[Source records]

::::::

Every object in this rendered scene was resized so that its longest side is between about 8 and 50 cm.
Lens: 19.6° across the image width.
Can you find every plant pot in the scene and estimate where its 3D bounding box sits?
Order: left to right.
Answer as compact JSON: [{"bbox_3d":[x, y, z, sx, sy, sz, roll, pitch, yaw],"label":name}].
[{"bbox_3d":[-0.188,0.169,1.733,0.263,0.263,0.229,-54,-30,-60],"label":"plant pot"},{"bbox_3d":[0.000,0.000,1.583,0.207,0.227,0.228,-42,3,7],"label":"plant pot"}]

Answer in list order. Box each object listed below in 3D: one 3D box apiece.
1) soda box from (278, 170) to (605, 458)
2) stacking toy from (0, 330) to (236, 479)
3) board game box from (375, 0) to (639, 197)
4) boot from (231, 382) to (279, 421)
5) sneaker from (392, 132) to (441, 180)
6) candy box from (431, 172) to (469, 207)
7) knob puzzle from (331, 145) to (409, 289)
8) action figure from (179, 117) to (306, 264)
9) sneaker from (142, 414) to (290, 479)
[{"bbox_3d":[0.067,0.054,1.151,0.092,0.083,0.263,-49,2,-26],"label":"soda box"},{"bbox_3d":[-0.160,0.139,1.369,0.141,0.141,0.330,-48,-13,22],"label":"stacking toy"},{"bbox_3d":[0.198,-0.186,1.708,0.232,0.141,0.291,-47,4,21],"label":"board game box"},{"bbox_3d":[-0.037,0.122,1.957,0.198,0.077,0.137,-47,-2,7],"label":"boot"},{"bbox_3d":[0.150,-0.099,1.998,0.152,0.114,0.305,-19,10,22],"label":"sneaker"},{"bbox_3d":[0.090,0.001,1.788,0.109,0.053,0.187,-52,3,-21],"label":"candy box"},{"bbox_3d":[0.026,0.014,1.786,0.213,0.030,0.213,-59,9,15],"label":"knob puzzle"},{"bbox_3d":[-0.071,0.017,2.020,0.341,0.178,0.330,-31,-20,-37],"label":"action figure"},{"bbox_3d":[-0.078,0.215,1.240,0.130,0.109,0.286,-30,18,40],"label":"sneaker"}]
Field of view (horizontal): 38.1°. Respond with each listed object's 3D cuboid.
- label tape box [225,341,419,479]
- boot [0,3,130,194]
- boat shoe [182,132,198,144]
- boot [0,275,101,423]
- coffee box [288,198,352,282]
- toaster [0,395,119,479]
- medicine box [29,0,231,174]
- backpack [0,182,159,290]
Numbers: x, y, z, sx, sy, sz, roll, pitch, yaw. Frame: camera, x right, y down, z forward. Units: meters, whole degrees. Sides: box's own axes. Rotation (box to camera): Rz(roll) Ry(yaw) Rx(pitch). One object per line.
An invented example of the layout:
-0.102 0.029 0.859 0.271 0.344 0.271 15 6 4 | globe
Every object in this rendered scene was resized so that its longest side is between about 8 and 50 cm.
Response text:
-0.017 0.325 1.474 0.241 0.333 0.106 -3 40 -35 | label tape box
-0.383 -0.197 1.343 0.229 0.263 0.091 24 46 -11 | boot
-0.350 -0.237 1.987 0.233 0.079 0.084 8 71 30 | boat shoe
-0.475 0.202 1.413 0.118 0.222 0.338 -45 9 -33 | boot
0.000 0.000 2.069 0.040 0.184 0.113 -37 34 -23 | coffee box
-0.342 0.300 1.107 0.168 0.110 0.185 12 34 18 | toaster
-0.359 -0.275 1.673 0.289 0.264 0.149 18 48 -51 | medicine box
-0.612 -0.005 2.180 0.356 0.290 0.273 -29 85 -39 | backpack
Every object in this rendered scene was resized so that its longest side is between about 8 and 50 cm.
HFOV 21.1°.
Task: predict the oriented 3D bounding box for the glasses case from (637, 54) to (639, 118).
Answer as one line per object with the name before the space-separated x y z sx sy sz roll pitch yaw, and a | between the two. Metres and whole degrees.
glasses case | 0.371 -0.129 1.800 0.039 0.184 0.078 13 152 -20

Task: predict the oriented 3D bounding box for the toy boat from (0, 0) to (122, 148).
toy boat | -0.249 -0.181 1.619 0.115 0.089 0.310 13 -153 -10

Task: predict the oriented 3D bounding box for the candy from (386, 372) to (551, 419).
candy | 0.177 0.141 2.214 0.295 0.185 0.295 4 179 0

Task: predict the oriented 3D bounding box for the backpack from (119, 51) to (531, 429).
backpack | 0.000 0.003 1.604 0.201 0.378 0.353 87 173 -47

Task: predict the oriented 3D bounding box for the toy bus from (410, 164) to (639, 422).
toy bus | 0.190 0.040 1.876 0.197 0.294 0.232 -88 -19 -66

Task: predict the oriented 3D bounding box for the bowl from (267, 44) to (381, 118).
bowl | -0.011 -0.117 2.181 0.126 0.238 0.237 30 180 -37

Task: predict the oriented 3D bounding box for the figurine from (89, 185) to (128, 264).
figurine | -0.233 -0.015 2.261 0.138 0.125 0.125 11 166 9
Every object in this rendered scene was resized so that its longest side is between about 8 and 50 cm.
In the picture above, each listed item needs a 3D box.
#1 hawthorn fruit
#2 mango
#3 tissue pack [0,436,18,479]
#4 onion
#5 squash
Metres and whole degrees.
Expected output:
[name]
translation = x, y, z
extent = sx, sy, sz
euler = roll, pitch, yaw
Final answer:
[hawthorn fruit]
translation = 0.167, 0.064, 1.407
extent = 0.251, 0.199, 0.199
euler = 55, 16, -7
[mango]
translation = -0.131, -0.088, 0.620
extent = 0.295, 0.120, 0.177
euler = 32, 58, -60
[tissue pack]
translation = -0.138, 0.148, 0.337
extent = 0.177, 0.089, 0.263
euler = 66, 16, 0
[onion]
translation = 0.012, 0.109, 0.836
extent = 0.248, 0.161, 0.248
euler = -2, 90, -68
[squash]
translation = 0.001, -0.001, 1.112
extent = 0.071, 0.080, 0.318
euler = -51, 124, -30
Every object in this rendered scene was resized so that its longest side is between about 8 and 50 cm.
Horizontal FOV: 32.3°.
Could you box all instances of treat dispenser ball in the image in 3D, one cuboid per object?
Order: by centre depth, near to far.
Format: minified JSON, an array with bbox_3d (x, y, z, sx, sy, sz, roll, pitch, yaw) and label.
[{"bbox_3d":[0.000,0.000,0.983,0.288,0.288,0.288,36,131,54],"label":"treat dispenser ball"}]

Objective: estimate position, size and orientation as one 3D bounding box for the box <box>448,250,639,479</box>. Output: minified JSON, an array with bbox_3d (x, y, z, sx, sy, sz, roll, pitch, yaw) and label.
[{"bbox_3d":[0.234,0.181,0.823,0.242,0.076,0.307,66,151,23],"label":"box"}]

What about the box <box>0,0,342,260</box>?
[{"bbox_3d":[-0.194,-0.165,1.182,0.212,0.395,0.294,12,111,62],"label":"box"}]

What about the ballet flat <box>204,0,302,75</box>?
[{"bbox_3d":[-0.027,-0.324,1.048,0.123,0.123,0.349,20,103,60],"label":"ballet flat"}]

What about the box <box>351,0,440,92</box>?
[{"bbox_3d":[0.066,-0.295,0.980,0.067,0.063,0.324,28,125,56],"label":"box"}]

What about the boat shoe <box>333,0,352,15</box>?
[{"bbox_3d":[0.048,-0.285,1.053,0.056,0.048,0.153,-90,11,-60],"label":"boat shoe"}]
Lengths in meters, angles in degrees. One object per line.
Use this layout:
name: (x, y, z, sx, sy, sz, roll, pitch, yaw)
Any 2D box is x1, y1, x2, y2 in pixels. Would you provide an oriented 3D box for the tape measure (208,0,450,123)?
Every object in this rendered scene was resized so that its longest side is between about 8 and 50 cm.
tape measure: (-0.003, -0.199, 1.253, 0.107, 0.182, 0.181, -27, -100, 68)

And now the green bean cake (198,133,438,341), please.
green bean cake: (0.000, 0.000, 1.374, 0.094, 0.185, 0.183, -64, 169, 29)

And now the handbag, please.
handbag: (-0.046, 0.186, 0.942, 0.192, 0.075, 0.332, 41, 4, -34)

::::::

WHAT TO DO
Find "Answer as compact" in the entries above and copy that whole line exactly, then each line after it through the line that contains "1) soda box from (278, 170) to (605, 458)".

TASK ANSWER
Answer as compact JSON: [{"bbox_3d":[x, y, z, sx, sy, sz, roll, pitch, yaw],"label":name}].
[{"bbox_3d":[-0.188,0.169,1.733,0.263,0.263,0.229,-54,-30,-60],"label":"plant pot"},{"bbox_3d":[0.000,0.000,1.583,0.207,0.227,0.228,-42,3,7],"label":"plant pot"}]

Answer in list order. Box each object listed below in 3D: one 3D box apiece.
1) soda box from (278, 170) to (605, 458)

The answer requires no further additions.